To do this, I used the archive of the html version of the WEB. To run the first script to generate the XML, unzip the contents of that archive into a folder, drop reorganizeasxml.py into the directory, and run it. It will create complete.xml— One giant XML file containing the entire WEB translation, in a programmer-friendly XML format.

It’s about five MB in size, so I do not recommend trying to open it in Notepad or any other text editor that’s not designed for large files (I used less to view the contents).

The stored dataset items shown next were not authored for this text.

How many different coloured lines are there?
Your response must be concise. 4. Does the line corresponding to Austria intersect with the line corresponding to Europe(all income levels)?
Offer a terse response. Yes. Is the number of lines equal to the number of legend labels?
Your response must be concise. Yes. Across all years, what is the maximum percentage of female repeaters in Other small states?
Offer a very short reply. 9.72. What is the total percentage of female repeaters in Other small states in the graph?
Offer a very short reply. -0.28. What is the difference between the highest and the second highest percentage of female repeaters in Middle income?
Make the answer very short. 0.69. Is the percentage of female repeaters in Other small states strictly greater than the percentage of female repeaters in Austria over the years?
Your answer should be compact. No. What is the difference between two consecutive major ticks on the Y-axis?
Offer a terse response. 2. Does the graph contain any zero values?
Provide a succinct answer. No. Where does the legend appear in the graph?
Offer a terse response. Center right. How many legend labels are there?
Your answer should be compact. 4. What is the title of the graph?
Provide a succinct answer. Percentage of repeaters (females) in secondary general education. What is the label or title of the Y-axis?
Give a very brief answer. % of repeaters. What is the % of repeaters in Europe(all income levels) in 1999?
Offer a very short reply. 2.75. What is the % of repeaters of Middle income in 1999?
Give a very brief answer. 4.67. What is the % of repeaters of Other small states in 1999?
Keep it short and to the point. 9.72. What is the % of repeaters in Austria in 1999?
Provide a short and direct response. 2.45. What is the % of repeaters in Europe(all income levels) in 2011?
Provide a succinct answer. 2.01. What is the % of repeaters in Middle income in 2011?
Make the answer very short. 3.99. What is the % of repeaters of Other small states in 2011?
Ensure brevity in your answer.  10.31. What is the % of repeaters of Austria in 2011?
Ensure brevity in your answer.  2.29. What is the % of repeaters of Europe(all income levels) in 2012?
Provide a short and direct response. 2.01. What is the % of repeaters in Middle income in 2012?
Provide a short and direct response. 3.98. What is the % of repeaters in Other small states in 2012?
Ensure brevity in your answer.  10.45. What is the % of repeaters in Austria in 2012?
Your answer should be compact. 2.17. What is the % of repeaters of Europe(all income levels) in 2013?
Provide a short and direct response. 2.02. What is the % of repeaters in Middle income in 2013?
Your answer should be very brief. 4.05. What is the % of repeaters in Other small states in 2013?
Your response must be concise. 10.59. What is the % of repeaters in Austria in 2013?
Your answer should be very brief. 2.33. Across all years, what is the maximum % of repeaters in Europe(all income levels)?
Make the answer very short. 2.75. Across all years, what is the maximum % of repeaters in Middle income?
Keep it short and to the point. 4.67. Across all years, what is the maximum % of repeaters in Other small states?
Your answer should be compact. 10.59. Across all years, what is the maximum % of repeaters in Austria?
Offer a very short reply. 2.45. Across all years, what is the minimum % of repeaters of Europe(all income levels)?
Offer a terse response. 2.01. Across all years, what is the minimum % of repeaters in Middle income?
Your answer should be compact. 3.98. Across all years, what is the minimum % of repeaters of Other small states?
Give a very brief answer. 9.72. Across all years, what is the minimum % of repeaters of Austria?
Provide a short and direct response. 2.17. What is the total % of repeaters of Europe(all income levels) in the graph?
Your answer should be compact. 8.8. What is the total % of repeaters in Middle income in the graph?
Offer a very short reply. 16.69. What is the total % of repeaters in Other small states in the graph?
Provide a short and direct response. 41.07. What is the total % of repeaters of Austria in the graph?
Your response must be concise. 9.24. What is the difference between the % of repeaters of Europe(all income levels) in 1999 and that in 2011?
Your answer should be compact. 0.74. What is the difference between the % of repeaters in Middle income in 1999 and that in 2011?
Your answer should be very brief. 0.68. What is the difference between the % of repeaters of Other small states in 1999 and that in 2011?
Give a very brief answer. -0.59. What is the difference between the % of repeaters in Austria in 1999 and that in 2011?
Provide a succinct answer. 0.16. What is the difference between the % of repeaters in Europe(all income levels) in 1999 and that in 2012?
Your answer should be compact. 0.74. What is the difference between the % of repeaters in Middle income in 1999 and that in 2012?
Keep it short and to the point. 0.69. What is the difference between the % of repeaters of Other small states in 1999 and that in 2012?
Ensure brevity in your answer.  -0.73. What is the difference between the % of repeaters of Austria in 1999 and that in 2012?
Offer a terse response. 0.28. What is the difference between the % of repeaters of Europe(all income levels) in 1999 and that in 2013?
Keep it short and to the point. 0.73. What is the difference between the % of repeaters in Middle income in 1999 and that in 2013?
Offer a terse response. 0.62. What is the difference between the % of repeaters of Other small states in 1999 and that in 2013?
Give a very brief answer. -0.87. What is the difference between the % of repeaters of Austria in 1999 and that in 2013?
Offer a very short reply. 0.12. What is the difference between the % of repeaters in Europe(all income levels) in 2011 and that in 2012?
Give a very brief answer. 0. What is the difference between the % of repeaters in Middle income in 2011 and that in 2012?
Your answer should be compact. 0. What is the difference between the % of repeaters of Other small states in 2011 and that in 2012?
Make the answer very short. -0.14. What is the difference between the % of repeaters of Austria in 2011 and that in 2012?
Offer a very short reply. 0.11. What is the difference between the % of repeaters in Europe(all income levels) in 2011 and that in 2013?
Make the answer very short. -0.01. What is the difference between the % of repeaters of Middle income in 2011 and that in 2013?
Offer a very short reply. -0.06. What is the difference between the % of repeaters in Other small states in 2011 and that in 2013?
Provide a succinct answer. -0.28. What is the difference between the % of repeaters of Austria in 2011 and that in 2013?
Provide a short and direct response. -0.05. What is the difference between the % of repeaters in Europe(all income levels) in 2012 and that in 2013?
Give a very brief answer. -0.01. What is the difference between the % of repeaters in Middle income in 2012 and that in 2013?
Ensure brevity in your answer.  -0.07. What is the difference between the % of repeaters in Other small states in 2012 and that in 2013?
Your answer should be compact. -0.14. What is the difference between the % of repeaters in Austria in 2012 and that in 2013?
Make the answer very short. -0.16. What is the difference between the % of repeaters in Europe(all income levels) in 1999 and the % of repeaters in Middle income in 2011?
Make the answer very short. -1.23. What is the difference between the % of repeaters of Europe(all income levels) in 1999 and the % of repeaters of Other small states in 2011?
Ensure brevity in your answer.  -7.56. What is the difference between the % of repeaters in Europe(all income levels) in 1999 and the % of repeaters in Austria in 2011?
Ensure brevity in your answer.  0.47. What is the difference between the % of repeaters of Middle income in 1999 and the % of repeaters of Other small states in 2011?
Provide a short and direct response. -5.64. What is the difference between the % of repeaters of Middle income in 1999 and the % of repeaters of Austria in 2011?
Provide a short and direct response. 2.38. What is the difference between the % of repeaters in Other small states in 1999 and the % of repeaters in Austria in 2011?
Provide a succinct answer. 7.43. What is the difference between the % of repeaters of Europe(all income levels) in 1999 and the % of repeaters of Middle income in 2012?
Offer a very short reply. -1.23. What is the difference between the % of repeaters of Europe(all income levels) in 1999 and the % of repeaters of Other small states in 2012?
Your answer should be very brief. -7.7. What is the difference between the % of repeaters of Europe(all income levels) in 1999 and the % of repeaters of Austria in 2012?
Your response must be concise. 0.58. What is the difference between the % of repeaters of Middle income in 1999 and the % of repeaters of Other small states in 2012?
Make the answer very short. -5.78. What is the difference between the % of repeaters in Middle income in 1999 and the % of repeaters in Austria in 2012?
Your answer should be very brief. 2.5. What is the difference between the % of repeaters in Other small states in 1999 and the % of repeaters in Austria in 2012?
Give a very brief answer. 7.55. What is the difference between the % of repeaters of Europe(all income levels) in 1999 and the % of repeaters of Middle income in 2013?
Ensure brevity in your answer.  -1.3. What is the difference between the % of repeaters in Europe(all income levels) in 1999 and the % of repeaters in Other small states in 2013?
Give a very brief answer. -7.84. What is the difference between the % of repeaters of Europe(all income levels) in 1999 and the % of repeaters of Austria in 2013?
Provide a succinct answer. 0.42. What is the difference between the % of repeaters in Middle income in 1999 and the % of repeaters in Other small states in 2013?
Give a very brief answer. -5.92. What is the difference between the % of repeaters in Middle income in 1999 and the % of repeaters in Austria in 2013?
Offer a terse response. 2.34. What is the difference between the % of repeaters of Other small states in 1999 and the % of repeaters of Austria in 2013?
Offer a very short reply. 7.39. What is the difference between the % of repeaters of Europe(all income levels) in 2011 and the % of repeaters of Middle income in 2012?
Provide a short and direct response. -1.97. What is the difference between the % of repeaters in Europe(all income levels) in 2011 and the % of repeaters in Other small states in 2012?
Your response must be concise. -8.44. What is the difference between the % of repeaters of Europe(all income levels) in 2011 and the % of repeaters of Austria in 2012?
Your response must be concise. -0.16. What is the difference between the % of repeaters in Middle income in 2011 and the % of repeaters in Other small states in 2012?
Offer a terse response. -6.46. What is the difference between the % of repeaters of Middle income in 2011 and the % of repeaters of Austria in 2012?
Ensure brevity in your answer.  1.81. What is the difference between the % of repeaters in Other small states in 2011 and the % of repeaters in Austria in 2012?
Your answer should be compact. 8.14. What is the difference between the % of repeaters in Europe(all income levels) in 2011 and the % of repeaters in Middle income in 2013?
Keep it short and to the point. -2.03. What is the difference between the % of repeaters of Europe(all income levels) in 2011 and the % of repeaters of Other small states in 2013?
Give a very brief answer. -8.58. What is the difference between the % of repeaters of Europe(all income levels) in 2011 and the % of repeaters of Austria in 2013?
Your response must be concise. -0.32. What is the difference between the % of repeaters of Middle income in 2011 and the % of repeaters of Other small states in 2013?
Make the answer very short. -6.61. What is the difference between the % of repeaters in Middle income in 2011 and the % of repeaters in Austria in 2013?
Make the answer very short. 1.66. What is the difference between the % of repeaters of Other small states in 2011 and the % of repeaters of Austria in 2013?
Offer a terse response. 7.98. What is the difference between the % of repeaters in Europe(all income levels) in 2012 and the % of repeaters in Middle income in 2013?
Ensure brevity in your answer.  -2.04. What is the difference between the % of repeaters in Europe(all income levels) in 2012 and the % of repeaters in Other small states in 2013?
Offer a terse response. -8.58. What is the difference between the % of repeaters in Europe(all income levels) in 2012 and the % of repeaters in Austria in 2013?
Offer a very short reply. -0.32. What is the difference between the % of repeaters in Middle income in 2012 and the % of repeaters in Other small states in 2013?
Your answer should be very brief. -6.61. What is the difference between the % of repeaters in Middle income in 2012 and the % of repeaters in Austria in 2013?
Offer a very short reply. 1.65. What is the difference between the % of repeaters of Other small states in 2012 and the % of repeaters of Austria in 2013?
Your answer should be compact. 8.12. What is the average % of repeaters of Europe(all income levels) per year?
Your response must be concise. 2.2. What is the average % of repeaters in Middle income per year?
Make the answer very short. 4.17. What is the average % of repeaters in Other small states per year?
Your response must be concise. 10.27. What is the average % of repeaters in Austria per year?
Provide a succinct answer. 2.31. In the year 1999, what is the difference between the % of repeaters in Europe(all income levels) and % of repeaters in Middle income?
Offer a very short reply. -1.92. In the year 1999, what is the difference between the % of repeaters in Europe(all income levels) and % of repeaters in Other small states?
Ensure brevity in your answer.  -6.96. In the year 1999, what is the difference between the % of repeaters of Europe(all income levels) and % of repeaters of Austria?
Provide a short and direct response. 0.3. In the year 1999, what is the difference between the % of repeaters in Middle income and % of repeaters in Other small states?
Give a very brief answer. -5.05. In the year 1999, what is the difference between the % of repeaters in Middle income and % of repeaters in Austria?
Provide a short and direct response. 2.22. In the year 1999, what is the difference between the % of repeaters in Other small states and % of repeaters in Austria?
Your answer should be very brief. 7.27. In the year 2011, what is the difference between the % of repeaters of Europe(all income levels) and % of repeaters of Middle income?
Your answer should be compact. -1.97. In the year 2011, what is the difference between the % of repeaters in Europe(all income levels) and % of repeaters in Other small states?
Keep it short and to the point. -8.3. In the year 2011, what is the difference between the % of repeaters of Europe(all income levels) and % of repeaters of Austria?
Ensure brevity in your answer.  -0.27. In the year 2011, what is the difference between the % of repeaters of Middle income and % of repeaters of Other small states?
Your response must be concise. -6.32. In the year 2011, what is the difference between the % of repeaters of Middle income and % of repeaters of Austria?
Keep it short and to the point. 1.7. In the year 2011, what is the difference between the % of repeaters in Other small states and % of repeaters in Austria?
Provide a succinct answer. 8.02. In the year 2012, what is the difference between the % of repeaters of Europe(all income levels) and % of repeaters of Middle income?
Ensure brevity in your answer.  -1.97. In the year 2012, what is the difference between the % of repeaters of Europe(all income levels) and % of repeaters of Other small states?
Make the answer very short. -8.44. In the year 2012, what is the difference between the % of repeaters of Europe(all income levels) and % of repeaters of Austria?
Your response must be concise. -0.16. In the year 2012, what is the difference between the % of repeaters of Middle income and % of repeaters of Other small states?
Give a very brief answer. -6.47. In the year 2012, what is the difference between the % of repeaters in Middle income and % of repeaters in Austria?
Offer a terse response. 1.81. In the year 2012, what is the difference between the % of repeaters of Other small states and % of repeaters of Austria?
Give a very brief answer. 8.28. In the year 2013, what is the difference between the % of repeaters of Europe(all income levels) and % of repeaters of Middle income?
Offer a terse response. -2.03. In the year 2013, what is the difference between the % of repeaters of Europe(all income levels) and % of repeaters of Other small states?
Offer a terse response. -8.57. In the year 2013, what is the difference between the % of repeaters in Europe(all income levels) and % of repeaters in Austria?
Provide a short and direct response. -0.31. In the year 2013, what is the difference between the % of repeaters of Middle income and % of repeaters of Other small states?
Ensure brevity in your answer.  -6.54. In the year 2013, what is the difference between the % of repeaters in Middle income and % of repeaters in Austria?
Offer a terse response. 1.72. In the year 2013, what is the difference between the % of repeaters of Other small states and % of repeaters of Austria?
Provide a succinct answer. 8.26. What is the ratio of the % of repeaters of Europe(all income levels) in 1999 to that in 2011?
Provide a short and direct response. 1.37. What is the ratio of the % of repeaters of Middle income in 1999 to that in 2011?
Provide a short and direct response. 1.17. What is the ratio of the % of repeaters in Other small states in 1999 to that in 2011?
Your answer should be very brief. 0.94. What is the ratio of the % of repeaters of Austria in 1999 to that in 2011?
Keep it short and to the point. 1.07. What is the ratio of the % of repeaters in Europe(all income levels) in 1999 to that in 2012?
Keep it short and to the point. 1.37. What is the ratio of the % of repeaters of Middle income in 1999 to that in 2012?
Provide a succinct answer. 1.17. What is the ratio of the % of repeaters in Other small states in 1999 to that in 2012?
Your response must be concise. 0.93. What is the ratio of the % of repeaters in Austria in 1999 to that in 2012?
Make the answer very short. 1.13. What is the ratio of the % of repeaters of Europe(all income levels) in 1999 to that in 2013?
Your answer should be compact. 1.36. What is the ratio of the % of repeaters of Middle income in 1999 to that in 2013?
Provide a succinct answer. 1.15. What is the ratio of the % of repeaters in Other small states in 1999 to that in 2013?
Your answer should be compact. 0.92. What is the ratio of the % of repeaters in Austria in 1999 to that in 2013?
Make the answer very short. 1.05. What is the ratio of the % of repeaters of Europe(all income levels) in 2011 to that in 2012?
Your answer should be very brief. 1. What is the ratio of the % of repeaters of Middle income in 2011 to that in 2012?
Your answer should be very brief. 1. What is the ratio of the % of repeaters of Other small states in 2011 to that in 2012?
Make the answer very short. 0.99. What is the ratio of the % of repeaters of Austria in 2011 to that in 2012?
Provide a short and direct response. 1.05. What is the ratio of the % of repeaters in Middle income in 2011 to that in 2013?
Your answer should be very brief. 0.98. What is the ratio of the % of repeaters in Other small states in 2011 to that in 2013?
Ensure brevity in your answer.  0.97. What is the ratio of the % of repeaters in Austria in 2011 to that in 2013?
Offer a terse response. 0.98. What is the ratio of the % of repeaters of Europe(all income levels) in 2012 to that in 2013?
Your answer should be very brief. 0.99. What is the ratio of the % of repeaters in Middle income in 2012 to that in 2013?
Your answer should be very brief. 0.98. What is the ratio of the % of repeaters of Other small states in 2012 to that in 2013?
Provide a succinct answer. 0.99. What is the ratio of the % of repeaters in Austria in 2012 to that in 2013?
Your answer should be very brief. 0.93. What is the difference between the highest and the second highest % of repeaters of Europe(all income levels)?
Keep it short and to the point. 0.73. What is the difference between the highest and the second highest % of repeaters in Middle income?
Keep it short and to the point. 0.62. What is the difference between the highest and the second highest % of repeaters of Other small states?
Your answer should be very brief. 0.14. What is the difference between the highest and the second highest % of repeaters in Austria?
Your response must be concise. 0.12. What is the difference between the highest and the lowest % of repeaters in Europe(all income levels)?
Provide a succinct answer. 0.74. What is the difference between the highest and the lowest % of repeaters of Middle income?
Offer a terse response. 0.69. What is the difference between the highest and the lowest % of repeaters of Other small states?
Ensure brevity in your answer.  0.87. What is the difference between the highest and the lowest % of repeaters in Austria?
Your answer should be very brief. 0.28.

I could have made this easier, theoretically, by using the plaintext version, which seems to have one verse per line. I decided against that, though, because I’m not 100% sure that it’s always the case that it’s one verse per line– It never explicitly says so– and since the file names seem to indicate to me that these files exist for the purpose of reading out loud, so I expect they’re not necessarily going to be particularly careful about line breaks. I think, then, that it would be better to put in the extra effort in the clearer source material. (And, honestly, a big part of my motivation here is that doing it the hard way is a lot more fun.)

reorganizeasxml.py loops through every file, uses BeautifulSoup to identify where every verse begins and ends, and dumps every verse into the output file, in (Protestant) canonical order. This is mostly pretty easy– The only thing that was mildly difficult is getting the end of the final verse, because the text content of each chapter is not organized into one big div, so I had to find where the site navigation began instead. Apart from that, it’s pretty straightforward.

After running reorganizeasxml.py, we have complete.xml. We can now run findallquestions.py, which is significantly simpler overall, and doesn’t even define any functions. It doesn’t need to because of how reorganizeasxml.py built the xml structure.

It starts out by finding every vs element that contains a question mark. Then it creates a csv file, creates a header line, and then dumps all of the information into that csv file, one line at a time. Bam. Done.

What this script does not do is identify the one asking or the one being asked. I think I’d have to use some AI/ML for that, and I’ve never done anything with that. For that reason, those columns are blank, to be filled in manually. (I don’t actually expect that that would ever be 100% completed.)

Well, there you go. There’s a case study in a one-off use of Python code to accomplish a task that would be a pain to do manually. It’s just one example of how coding can be useful in day-to-day things, whether you’re a developer or not.

Another example is something that I made using matplotlib when the Covid panic started. The only historical data Oklahoma gave us at the time was the the cumulative case count, but I had a friend that wanted a graph of the daily case count. Converting the raw data from cumulative to daily was easy, so I made a graph in matplotlib, then made a script to scrape the website and update the chart on Github. I then made a cron job on my laptop to update it daily. It was a fun project, but only lasted about a week before the Oklahoma health dept changed the format of the website so it stopped working. At that point, they started giving us the chart exactly as we wanted it anyway, so there wasn’t much point in fixing it.

The Bible questions scripts probably seem overwhelming to someone new to coding, but I can assure you that, given time, writing code becomes as natural as breathing. What’s hard today is easy tomorrow (which I keep telling myself while learning C++). I’ve learned that lesson repeatedly a million times.